(Stored items from a collection)
== == ==

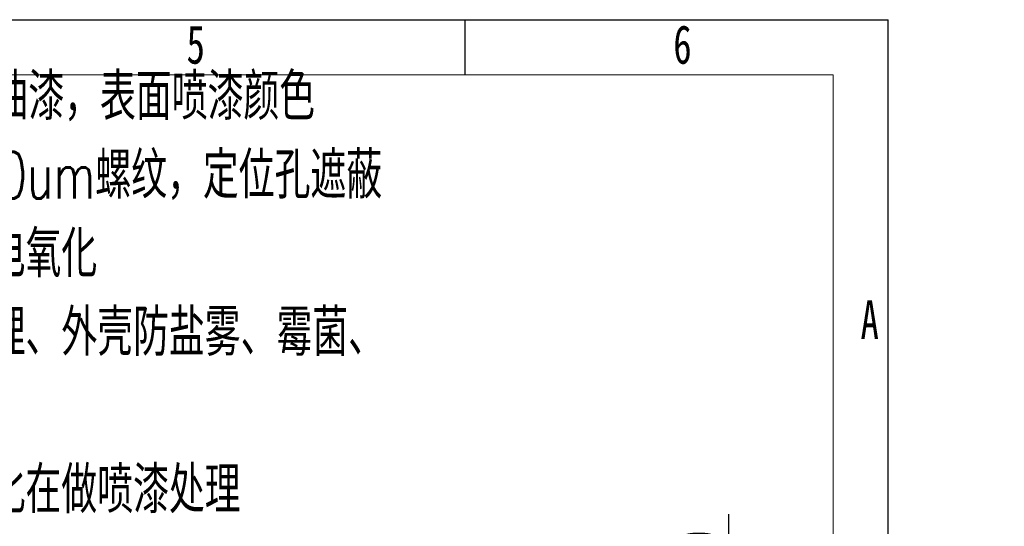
# Model space of a CAD drawing. Header units: millimetres. Extents: x 0 to 658, y -2 to 210.
# Tile 9 of 11: x 218 to 308, y 164 to 210. Entities that reach past the tile are written whole.
import ezdxf

# ---------------------------------------------------------------- set-up
doc = ezdxf.new("R2010")
doc.units = ezdxf.units.MM
doc.layers.add('图框', color=7, linetype='Continuous')
doc.styles.add('SLDTEXTSTYLE0', font='TXT', dxfattribs={"width": 0.7, "bigfont": 'bigfont'})
doc.styles.add('SLDTEXTSTYLE1', font='TXT', dxfattribs={"width": 0.7})
doc.dimstyles.new('SLDDIMSTYLE3', dxfattribs={"dimtxt": 3.5, "dimasz": 4.08, "dimexe": 0, "dimexo": 0.0625, "dimgap": 0.875, "dimtad": 2, "dimlfac": 5, "dimrnd": 1e-09, "dimzin": 4, "dimdsep": 46, "dimtxsty": 'SLDTEXTSTYLE1', "dimsah": 1, "dimcen": 0.09, "dimadec": 0, "dimazin": 1, "dimtfac": 1, "dimtmove": 0, "dimatfit": 0, "dimfxl": 0, "dimfrac": 2, "dimtolj": 1, "dimtzin": 12, "dimarcsym": 0})

# ---------------------------------------------------------------- blocks, each defined once
blk = doc.blocks.new('SW_NOTE_0')
at = {"layer": '图框', "color": 0, "attachment_point": 1, "style": 'SLDTEXTSTYLE0'}
for s, insert, char_height in [('\\M+1928D\\M+181461.喷\\M+18EBD\\M+18E67\\M+19770\\M+1E3DA氨酯\\M+196FB\\M+18EBD\\M+18143\\M+1955C\\M+196CA喷\\M+18EBD颜\\M+19046', (0, 5.457), 4.233333), ('\\M+188C8\\M+19046卡为\\M+18F79\\M+1968C\\M+18CFA60-80um\\M+19786纹\\M+18143\\M+192E8\\M+188CA\\M+18D45\\M+18ED5\\M+195C1', (0, -1.687), 4.233333), ('2.\\M+193E0\\M+19594\\M+198F4\\M+1967B\\M+19046导电氧\\M+189BB', (9.525, -8.832), 4.23333), ('3.\\M+18A4F观\\M+198F4喷\\M+18EBD处\\M+1979D\\M+18141\\M+18A4F壳\\M+19668盐雾\\M+18141霉\\M+18BDB\\M+18141', (9.525, -15.976), 4.23333), ('\\M+192AA热\\M+18141\\M+18D52\\M+19585蚀', (0, -23.121), 4.23333), ('4.\\M+190E6\\M+1967B\\M+19046导电氧\\M+189BB\\M+18DDD\\M+198F4喷\\M+18EBD处\\M+1979D', (9.525, -30.265), 4.23333)]:
    blk.add_mtext(s, dxfattribs=dict(at, insert=insert, char_height=char_height))
blk = doc.blocks.new('_D_45')
at = {"layer": '图框'}
for p, q in [((282.514, 157.86), (282.514, 165.08)), ((251.814, 157.86), (284.514, 157.86)), ((282.514, 156.96), (282.514, 157.86)), ((245.814, 156.96), (284.514, 156.96)), ((282.514, 156.96), (282.514, 150.61))]:
    blk.add_line(p, q, dxfattribs=at)
for points in [[(282.514, 157.86), (283.022, 161.94), (282.006, 161.94)], [(282.514, 156.96), (282.006, 152.88), (283.022, 152.88)]]:
    blk.add_solid(points, dxfattribs=at)
at = {"layer": '图框', "insert": (278.002, 156.933), "char_height": 3.5, "attachment_point": 1, "rotation": 90, "style": 'SLDTEXTSTYLE1'}
blk.add_mtext('4.50', dxfattribs=at)

msp = doc.modelspace()

# ---------------------------------------------------------------- linework, layer by layer
at = {"layer": '图框'}
for p, q in [((0, 210), (297, 210)), ((258.5, 210), (258.5, 205)), ((297, 0), (297, 210))]:
    msp.add_line(p, q, dxfattribs=at)
at = {"layer": '图框', "linetype": 'Continuous', "lineweight": 15}
for p in [(25, 205), (292, 5)]:
    msp.add_line(p, (292, 205), dxfattribs=at)

# ---------------------------------------------------------------- block references
at = {"layer": '图框'}
msp.add_blockref('SW_NOTE_0', (182.41611908, 199.68120724), dxfattribs=at)

# ---------------------------------------------------------------- texts
at = {"layer": '图框', "char_height": 3.5, "attachment_point": 2, "style": 'SLDTEXTSTYLE1'}
for s, insert in [('5', (234.04444444, 209.5028404)), ('6', (278.29687502, 209.5028404)), ('A', (295.32031252, 184.5028404))]:
    msp.add_mtext(s, dxfattribs=dict(at, insert=insert))

# ---------------------------------------------------------------- dimensions: what is measured, and where the dimension line sits
at = {"layer": '图框'}
dim = msp.add_linear_dim(base=(282.51403692, 157.85974644), p1=(245.81403692, 156.95974644), p2=(251.81403692, 157.85974644), angle=90, dimstyle='SLDDIMSTYLE3', dxfattribs=at)
dim.commit()
dim.dimension.update_dxf_attribs({"geometry": '_D_45', "text_midpoint": (282.51403692, 161.00663155), "dimtype": 160})

doc.saveas('drawing.dxf')

== == ==

## TASK PROMPT
Every line above from the line with "import ezdxf" to the line with "blk.add_line(p, q, dxfattribs=at)" is wanted, ends included; write them out exactly and add no other line.

## TASK ANSWER
import ezdxf

# ---------------------------------------------------------------- set-up
doc = ezdxf.new("R2010")
doc.units = ezdxf.units.MM
doc.layers.add('图框', color=7, linetype='Continuous')
doc.styles.add('SLDTEXTSTYLE0', font='TXT', dxfattribs={"width": 0.7, "bigfont": 'bigfont'})
doc.styles.add('SLDTEXTSTYLE1', font='TXT', dxfattribs={"width": 0.7})
doc.dimstyles.new('SLDDIMSTYLE3', dxfattribs={"dimtxt": 3.5, "dimasz": 4.08, "dimexe": 0, "dimexo": 0.0625, "dimgap": 0.875, "dimtad": 2, "dimlfac": 5, "dimrnd": 1e-09, "dimzin": 4, "dimdsep": 46, "dimtxsty": 'SLDTEXTSTYLE1', "dimsah": 1, "dimcen": 0.09, "dimadec": 0, "dimazin": 1, "dimtfac": 1, "dimtmove": 0, "dimatfit": 0, "dimfxl": 0, "dimfrac": 2, "dimtolj": 1, "dimtzin": 12, "dimarcsym": 0})

# ---------------------------------------------------------------- blocks, each defined once
blk = doc.blocks.new('SW_NOTE_0')
at = {"layer": '图框', "color": 0, "attachment_point": 1, "style": 'SLDTEXTSTYLE0'}
for s, insert, char_height in [('\\M+1928D\\M+181461.喷\\M+18EBD\\M+18E67\\M+19770\\M+1E3DA氨酯\\M+196FB\\M+18EBD\\M+18143\\M+1955C\\M+196CA喷\\M+18EBD颜\\M+19046', (0, 5.457), 4.233333), ('\\M+188C8\\M+19046卡为\\M+18F79\\M+1968C\\M+18CFA60-80um\\M+19786纹\\M+18143\\M+192E8\\M+188CA\\M+18D45\\M+18ED5\\M+195C1', (0, -1.687), 4.233333), ('2.\\M+193E0\\M+19594\\M+198F4\\M+1967B\\M+19046导电氧\\M+189BB', (9.525, -8.832), 4.23333), ('3.\\M+18A4F观\\M+198F4喷\\M+18EBD处\\M+1979D\\M+18141\\M+18A4F壳\\M+19668盐雾\\M+18141霉\\M+18BDB\\M+18141', (9.525, -15.976), 4.23333), ('\\M+192AA热\\M+18141\\M+18D52\\M+19585蚀', (0, -23.121), 4.23333), ('4.\\M+190E6\\M+1967B\\M+19046导电氧\\M+189BB\\M+18DDD\\M+198F4喷\\M+18EBD处\\M+1979D', (9.525, -30.265), 4.23333)]:
    blk.add_mtext(s, dxfattribs=dict(at, insert=insert, char_height=char_height))
blk = doc.blocks.new('_D_45')
at = {"layer": '图框'}
for p, q in [((282.514, 157.86), (282.514, 165.08)), ((251.814, 157.86), (284.514, 157.86)), ((282.514, 156.96), (282.514, 157.86)), ((245.814, 156.96), (284.514, 156.96)), ((282.514, 156.96), (282.514, 150.61))]:
    blk.add_line(p, q, dxfattribs=at)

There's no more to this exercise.